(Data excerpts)
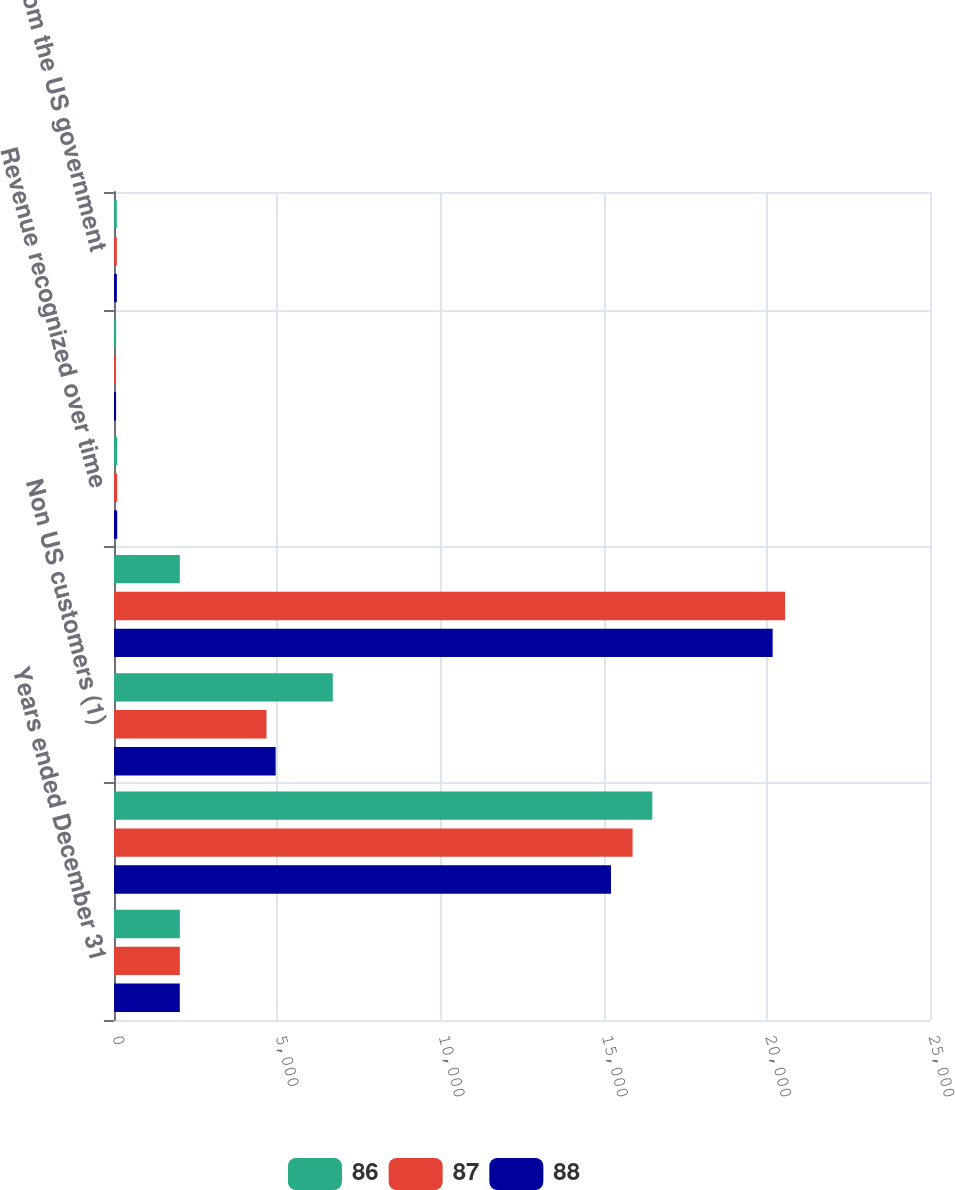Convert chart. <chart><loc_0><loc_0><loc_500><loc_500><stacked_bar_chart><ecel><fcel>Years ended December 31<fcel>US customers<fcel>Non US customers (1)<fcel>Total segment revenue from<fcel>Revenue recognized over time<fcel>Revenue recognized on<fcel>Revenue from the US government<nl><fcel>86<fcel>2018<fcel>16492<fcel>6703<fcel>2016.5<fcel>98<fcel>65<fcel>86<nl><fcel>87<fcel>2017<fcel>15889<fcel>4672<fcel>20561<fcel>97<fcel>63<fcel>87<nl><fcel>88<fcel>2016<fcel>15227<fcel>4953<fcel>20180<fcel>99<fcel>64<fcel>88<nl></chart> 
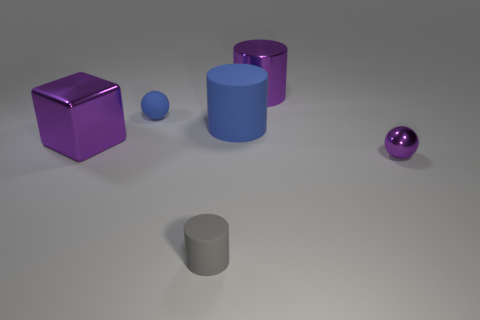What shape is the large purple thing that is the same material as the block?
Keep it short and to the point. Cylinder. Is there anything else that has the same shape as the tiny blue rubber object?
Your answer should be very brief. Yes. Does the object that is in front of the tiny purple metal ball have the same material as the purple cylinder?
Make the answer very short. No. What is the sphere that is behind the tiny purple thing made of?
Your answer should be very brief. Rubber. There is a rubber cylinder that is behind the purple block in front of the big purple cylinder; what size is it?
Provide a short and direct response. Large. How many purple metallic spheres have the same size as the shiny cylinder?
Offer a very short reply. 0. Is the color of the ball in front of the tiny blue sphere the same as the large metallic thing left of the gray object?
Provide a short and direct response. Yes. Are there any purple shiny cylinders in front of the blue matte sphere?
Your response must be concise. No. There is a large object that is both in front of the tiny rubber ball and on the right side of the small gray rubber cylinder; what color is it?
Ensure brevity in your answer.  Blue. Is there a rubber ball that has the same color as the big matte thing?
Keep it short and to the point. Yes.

* _Work to be completed_
If a line above includes the string "gray", pick it out.

* _Written solution_
Offer a very short reply. 0. Is the color of the ball in front of the tiny blue sphere the same as the large metallic thing left of the gray object?
Your response must be concise. No. There is a large object that is both in front of the tiny rubber ball and on the right side of the small gray rubber cylinder; what color is it?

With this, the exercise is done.